Assignment: Only the lines from the one with "Vin in 0 DC 10" to the end of the material should be reproduced, exactly and in full, both ends included.

Material shown:
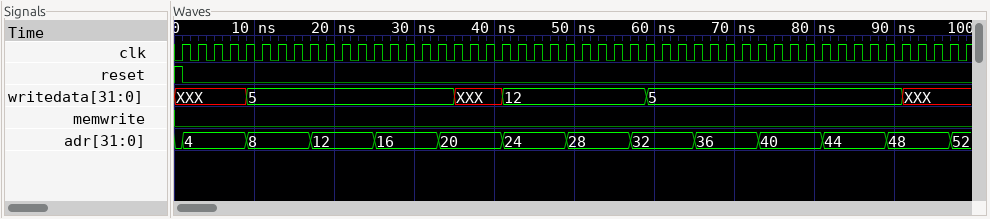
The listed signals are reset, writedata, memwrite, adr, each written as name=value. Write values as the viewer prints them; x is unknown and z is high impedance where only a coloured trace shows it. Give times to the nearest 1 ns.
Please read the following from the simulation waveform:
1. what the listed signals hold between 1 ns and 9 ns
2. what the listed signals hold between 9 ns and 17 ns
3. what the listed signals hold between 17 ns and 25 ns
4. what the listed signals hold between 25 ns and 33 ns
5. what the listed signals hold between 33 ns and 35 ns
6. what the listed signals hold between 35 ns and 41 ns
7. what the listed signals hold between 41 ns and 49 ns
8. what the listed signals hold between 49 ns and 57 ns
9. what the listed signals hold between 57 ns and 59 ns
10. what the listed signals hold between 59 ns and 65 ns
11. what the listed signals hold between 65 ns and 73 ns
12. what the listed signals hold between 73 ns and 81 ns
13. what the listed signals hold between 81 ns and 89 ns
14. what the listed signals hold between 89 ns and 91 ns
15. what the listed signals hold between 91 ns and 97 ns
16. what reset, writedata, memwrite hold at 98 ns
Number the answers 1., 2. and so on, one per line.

1. reset=0, writedata=XXX, memwrite=0, adr=4
2. reset=0, writedata=5, memwrite=0, adr=8
3. reset=0, writedata=5, memwrite=0, adr=12
4. reset=0, writedata=5, memwrite=0, adr=16
5. reset=0, writedata=5, memwrite=0, adr=20
6. reset=0, writedata=XXX, memwrite=0, adr=20
7. reset=0, writedata=12, memwrite=0, adr=24
8. reset=0, writedata=12, memwrite=0, adr=28
9. reset=0, writedata=12, memwrite=0, adr=32
10. reset=0, writedata=5, memwrite=0, adr=32
11. reset=0, writedata=5, memwrite=0, adr=36
12. reset=0, writedata=5, memwrite=0, adr=40
13. reset=0, writedata=5, memwrite=0, adr=44
14. reset=0, writedata=5, memwrite=0, adr=48
15. reset=0, writedata=XXX, memwrite=0, adr=48
16. reset=0, writedata=XXX, memwrite=0
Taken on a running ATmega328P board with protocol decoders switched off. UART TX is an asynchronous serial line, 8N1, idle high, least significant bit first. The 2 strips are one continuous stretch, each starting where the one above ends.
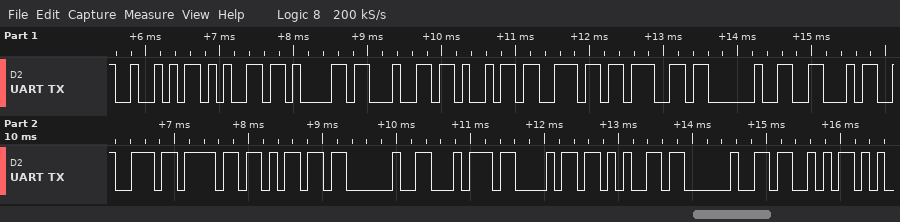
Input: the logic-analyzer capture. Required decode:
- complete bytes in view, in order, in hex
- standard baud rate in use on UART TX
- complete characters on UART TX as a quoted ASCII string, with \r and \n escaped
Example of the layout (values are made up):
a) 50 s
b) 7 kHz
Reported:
a) 52 65 61 64 69 6E 67 20 46 72 6F 6D 20 74 68 65 20 53
b) 9600 baud
c) "Reading From the S"
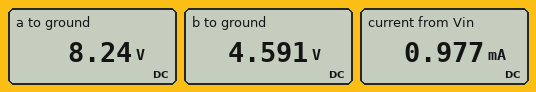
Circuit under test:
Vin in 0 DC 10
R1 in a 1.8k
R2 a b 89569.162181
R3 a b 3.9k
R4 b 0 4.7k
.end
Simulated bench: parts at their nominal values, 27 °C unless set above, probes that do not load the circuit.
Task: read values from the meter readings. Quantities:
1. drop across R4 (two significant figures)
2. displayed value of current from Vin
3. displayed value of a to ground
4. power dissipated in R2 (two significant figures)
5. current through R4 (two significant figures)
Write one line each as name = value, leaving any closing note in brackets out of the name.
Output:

Answer to the problem:
Vin in 0 DC 10
R1 in a 1.8k
R2 a b 89569.162181
R3 a b 3.9k
R4 b 0 4.7k
.end
Simulated bench: parts at their nominal values, 27 °C unless set above, probes that do not load the circuit.
Task: read values from the meter readings. Quantities:
1. drop across R4 (two significant figures)
2. displayed value of current from Vin
3. displayed value of a to ground
4. power dissipated in R2 (two significant figures)
5. current through R4 (two significant figures)
Write one line each as name = value, leaving any closing note in brackets out of the name.
Output:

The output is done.